Celan was born in 1920 into a German-speaking Jewish family in Cernăuţi, Northern Bukovina, a region then part of Romania and earlier part of the Austro-Hungarian Empire, among others (now part of Ukraine). His father, Leo Antschel, was a Zionist who advocated his son's education in Hebrew at Safah Ivriah, an institution previously convinced of the wisdom of assimilation into Austrian culture, and one which favourably received Chaim Weizmann of the World Zionist Organization in 1927. His mother, Fritzi, was an avid reader of German literature who insisted German be the language of the house. After his Bar Mitzvah in 1933, Celan abandoned Zionism (at least to some extent) and finished his formal Hebrew education, instead becoming active in Jewish Socialist organizations and fostering support for the Republican cause in the Spanish Civil War. His earliest known poem, titled Mother's Day 1938 was an earnest, if sentimental, profession of love. Paul graduated from the gymnasium/high school called Liceul Marele Voivod Mihai (Great Voivode Mihai High School) in 1938.

In 1938, Celan travelled to Tours, France, to study medicine. The Anschluss precluded Vienna, and Romanian schools were harder to get in to due to the newly-imposed Jewish quota. But he returned to Cernăuţi in 1939 to study literature and Romance languages. His journey to France took him through Berlin as the events of Kristallnacht unfolded, and also introduced him to his uncle, Bruno Schrager, who later was among the French detainees who died at Birkenau.

Life during World War II

The Soviet occupation of Bukovina in June 1940 deprived Celan of any lingering illusions about Stalinism and Soviet Communism stemming from his earlier socialist engagements; the Soviets quickly imposed bureaucratic reforms on the university where he was studying Romance philology and deportations to Siberia started. Nazi Germany and Romania brought ghettos, internment, and forced labour a year later (see Romania during World War II).

On arrival in Cernăuţi July 1941 the German SS Einsatzkommando and their Romanian allies set the city's Great Synagogue on fire. In October, the Romanians deported a large number of Jews after forcing them into a ghetto, where Celan translated William Shakespeare's Sonnets and continued to write his own poetry, all the while being exposed to traditional Yiddish songs and culture. Before the ghetto was dissolved in the fall of that year, Celan was pressed into labor, first clearing the debris of a demolished post office, and then gathering and destroying Russian books.

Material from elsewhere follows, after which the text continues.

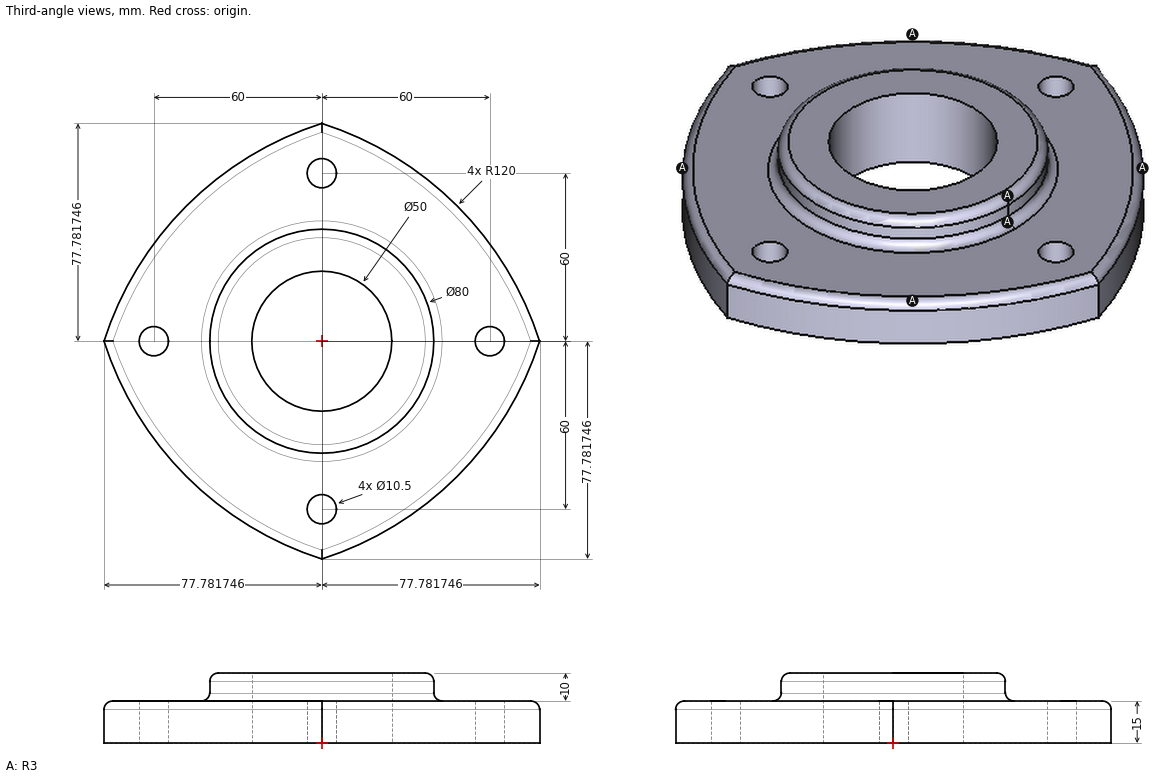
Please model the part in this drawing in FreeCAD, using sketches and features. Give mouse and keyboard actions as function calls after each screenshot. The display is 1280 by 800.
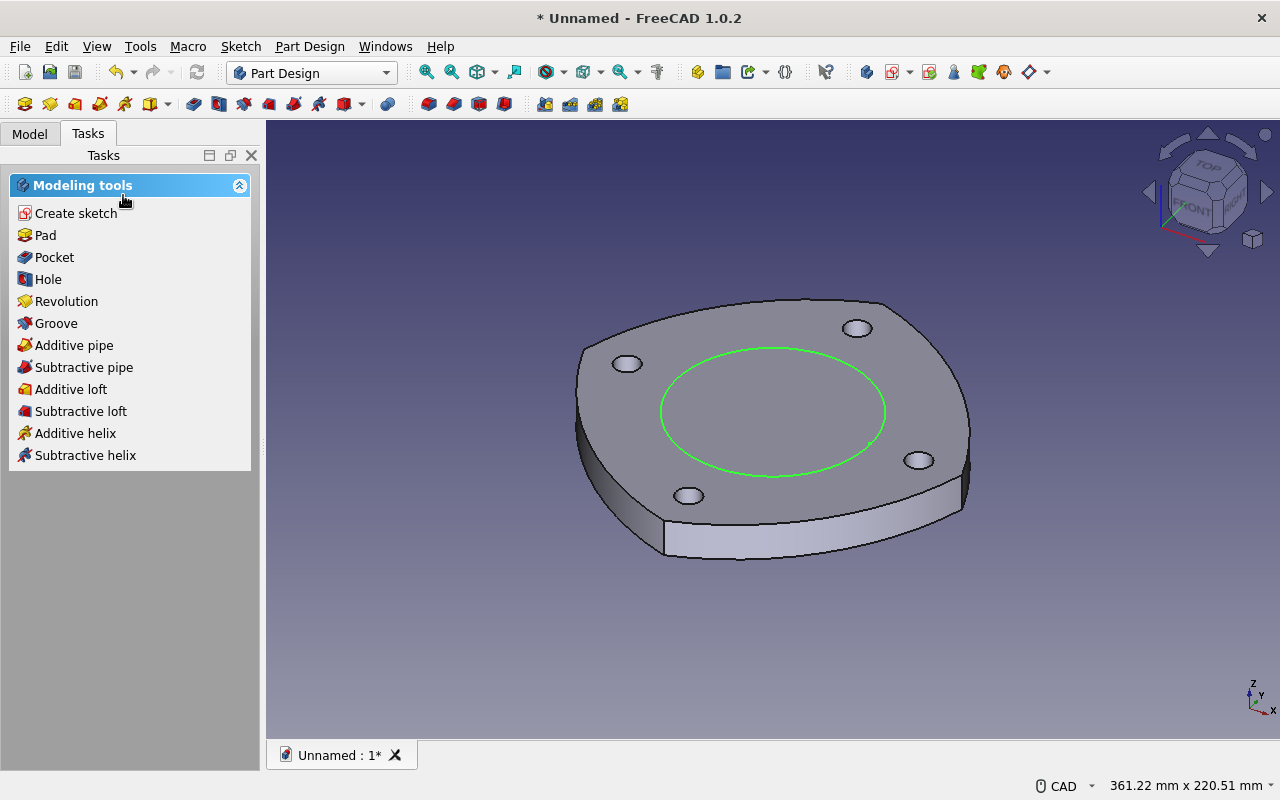
click(25, 104)

The local mayor strove to mitigate the harsh circumstances until the governor of Bukovina had the Jews rounded up and deported, starting on a Saturday night in June 1942. Accounts of his whereabouts on that evening vary, but it is certain that Celan was not with his parents when they were taken from their home on June 21 and sent by train to an internment camp in Transnistria, where two-thirds of the deportees perished. Celan's parents were taken across the Southern Bug and handed over to the Germans, where his father likely perished of typhus and his mother was shot dead after being exhausted by forced labour. Later that year, after having himself been taken to the labour camps in the Old Kingdom, Celan would receive reports of his parents' deaths.

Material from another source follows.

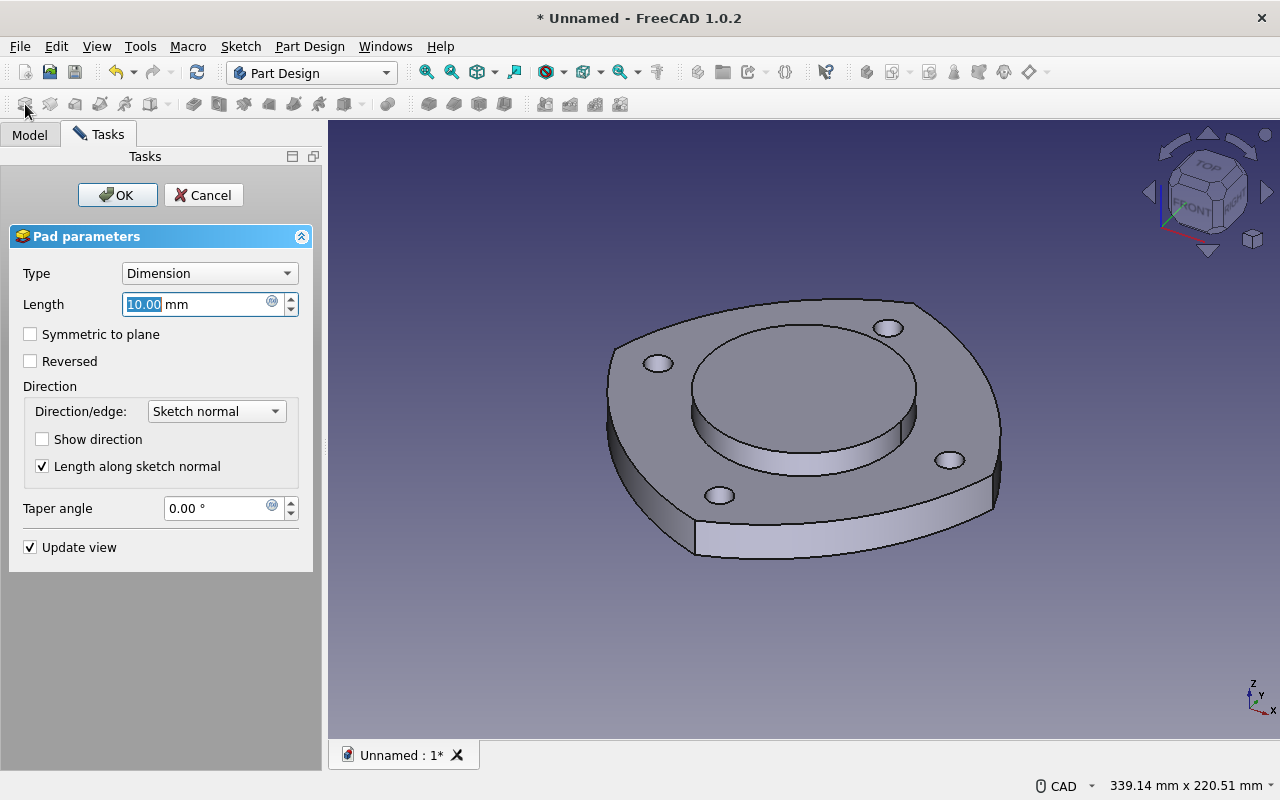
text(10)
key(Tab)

Celan remained in these labour camps until February 1944, when the Red Army's advance forced the Romanians to abandon them, whereupon he returned to Cernăuţi shortly before the Soviets returned to reassert their control. There, he worked briefly as a nurse in the mental hospital. Early versions of Todesfuge were circulated at this time, a poem that clearly relied on accounts coming from the now-liberated camps in Poland. Friends from this period recall Celan expressing immense guilt over his separation from his parents, whom he had tried to convince to go into hiding prior to the deportations, shortly before their death.

Life after the war

Considering emigration to Palestine and wary of widespread Soviet antisemitism, Celan left the USSR in 1945 for Bucharest, where he remained until 1947. He was active in the Jewish literary community as both a translator of Russian literature into Romanian, and as a poet, publishing his work under a variety of pseudonyms. The literary scene of the time was richly populated with surrealists — Gellu Naum, Ilarie Voronca, Gherasim Luca, Paul Păun, and Dolfi Trost —, and it was in this period that Celan developed pseudonyms both for himself and his friends, including the one he took as his pen name.

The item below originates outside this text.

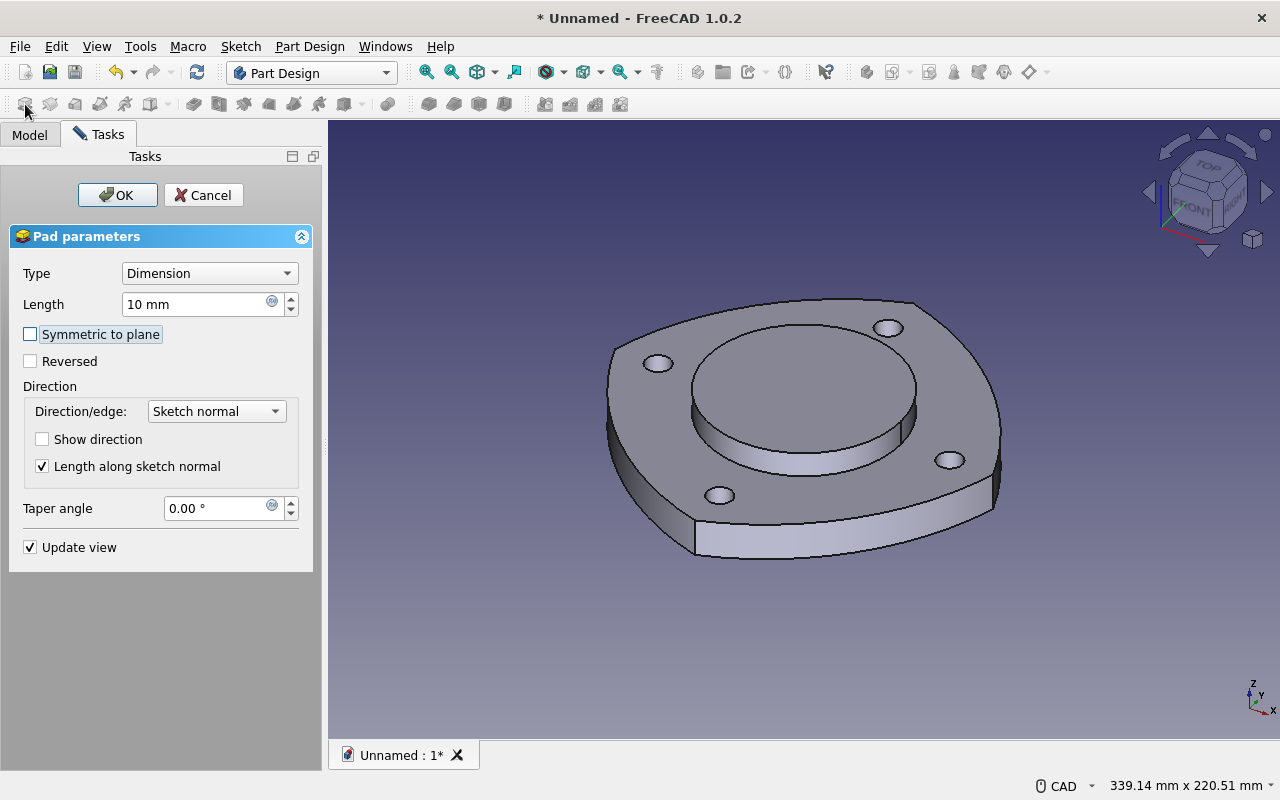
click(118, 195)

A version of Todesfuge appeared as Tangoul Morţii ("Death Tango") in a Romanian translation of May 1947. The surrealist ferment of the time was such that additional remarks had to be published explaining that the dancing and musical performances of the poem were realities of the extermination camp life. Night and Fog, the earliest documentary on Auschwitz (Alain Resnais, 1955), includes a description of the Auschwitz Orchestra, an institution organized by the SS to assemble and play selections of German dances and popular songs. (The SS man interviewed by Claude Lanzmann for his film Shoah, who rehearsed the songs prisoners were made to sing in the death camp, remarked that no Jews who had taught the songs survived.)

Exodus and Paris years

Due to the emerging of the communist regime in Romania, Celan fled Romania for Vienna, Austria. It was there that he befriended Ingeborg Bachmann, who had just completed a dissertation on Martin Heidegger. Facing a city divided between occupying powers and with little resemblance to the mythic city it once was, which had harboured the then-shattered Austro-Hungarian Jewish community, he moved to Paris in 1948. In that year his first poetry collection, Der Sand aus den Urnen ("Sand from the Urns"), was published in Vienna by A. Sexl. His first few years in Paris were marked by intense feelings of loneliness and isolation, as expressed in letters to his colleagues, including his longtime friend from Cernăuţi, Petre Solomon. It was also during this time that he exchanged many letters with Diet Kloos, a young Dutch singer and anti-Nazi resister who saw her husband of a few months tortured to death. She visited him twice in Paris between 1949 and 1951.

In 1952 Celan's writing began to gain recognition when he read his poetry on his first reading trip to Germany where he was invited to read at the semiannual meetings of Group 47. At their May meeting he read his poem Todesfuge ("Death Fugue"), a depiction of concentration camp life. His reading style, which was maybe based on the way a prayer is given in a synagogue and Hungarian folk poems, was off-putting to some of the German audience. His poetry received a mixed reaction. When Ingeborg Bachmann, with whom Celan had an affair, won the Group's prize for her collection Die gestundete Zeit (The Extended Hours), Celan (whose work had received only six votes) said "After the meeting, only six people remembered my name". He did not attend any other meeting of the Group.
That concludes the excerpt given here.